Cornell Researchers have partnered with Norwegian company SAGA Robotics to develop autonomous robots that can roam vineyards at night armed with ultraviolet lamps that can kill powdery mildew, which is a pathogen that devastates many crops, including grapes.
The robots are being field tested on Chardonnay grapes at two sites: Cornell AgriTech’s research vineyards in Geneva, New York, and at Anthony Road Wine Co. in Penn Yan, New York.
Cornell has been researching the use of UV light to kill grapevine powdery mildew for nearly 30 years. They have also worked with the University of Florida on using it to control powdery mildew in strawberries.
The UV treatment has been shown to suppress powdery mildew over a period of two years with the application of treatments once a week. The technique represents a breakthrough because the mildew can adapt to chemical anti-fungal sprays in a single season, making them ineffective. UV light damages DNA, but mildews have natural biochemical defenses that are triggered by the blue light present in sunlight. By applying the UV at night, when there is no blue light from the sun, the defenses of the mildew are defeated.

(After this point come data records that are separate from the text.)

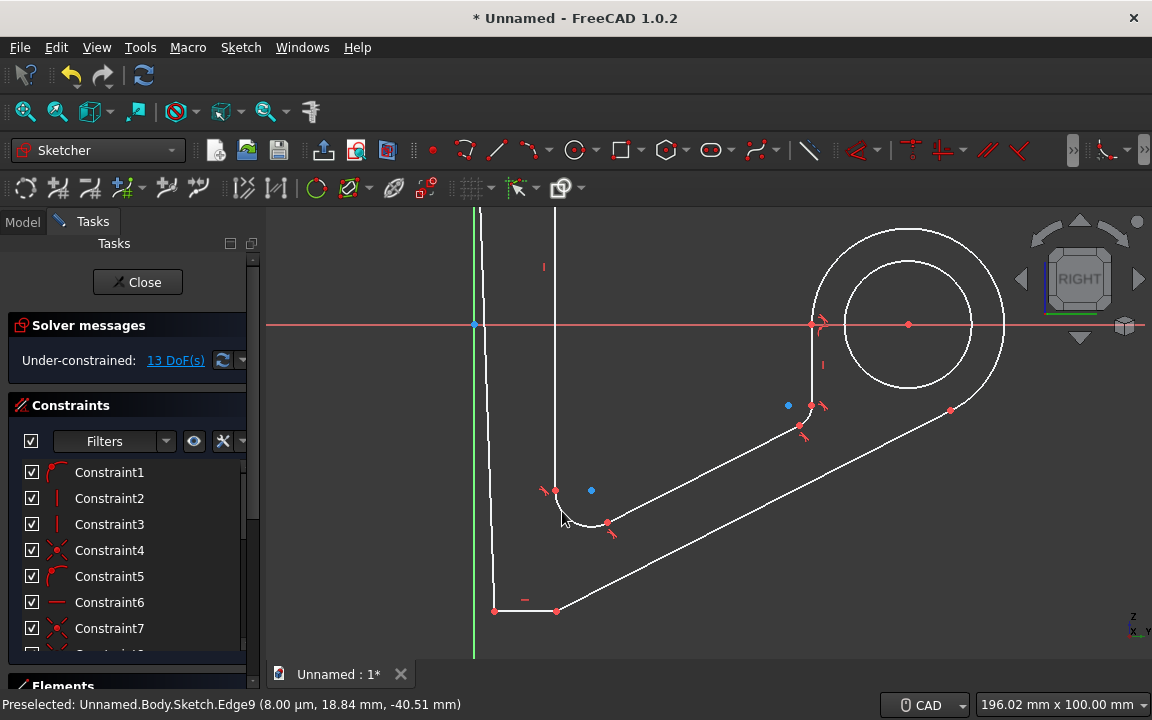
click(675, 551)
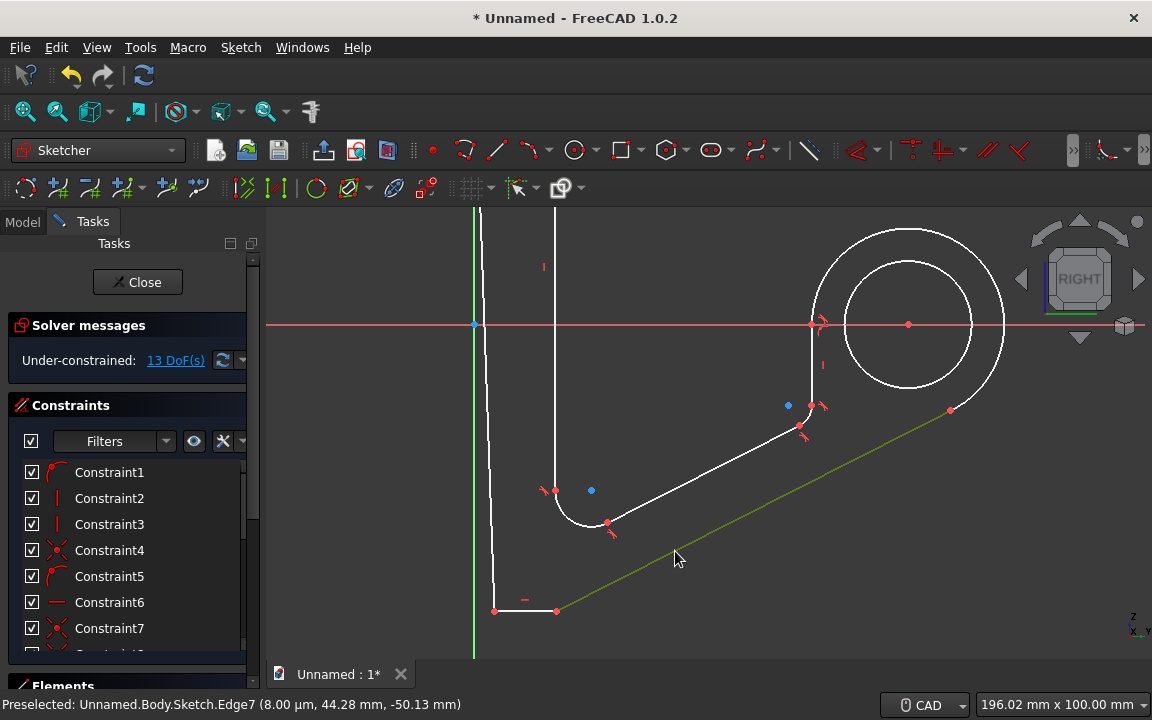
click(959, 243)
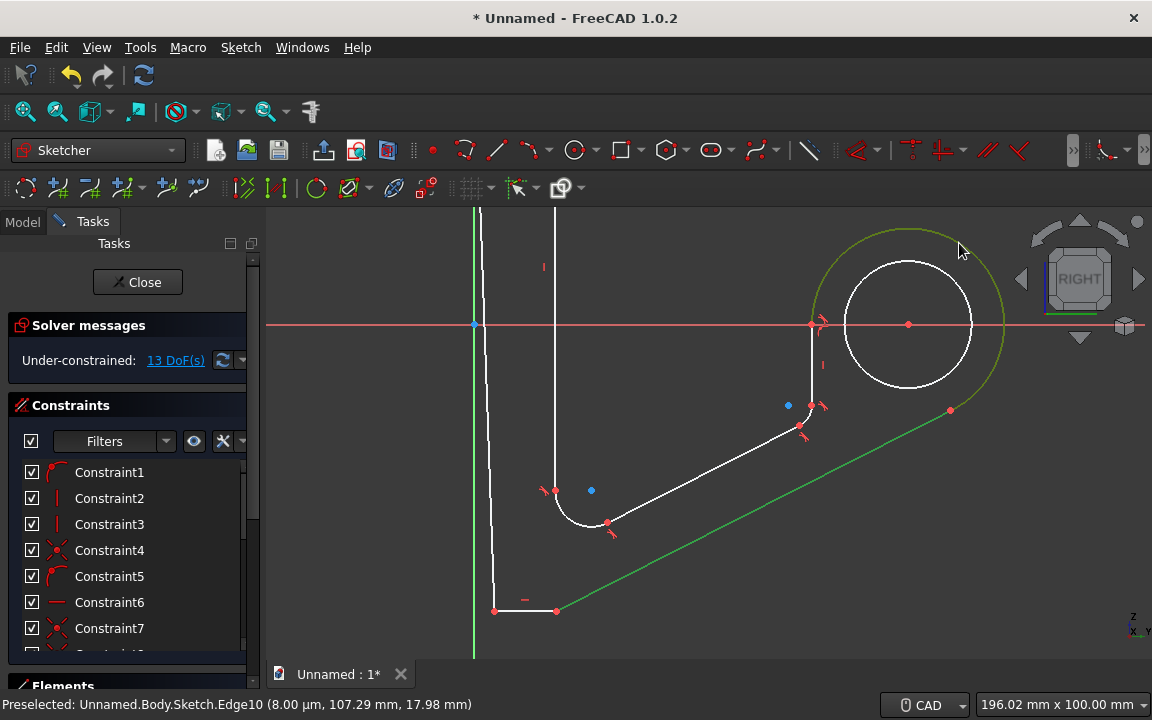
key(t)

In earlier trials, the researchers used UV lamps mounted on a tractor wagon, but this required all-night labor to treat an entire vineyard. That has now been replaced with autonomous vehicles that can work seven nights a week, all night long.
The next development will be imaging technology that will detect and quantify mildew on grape leaves. With this, the dose of UV light applied to a particular vine will depend on whether it is sick or healthy.
A high-tech solution to a problem that plagues vineyards.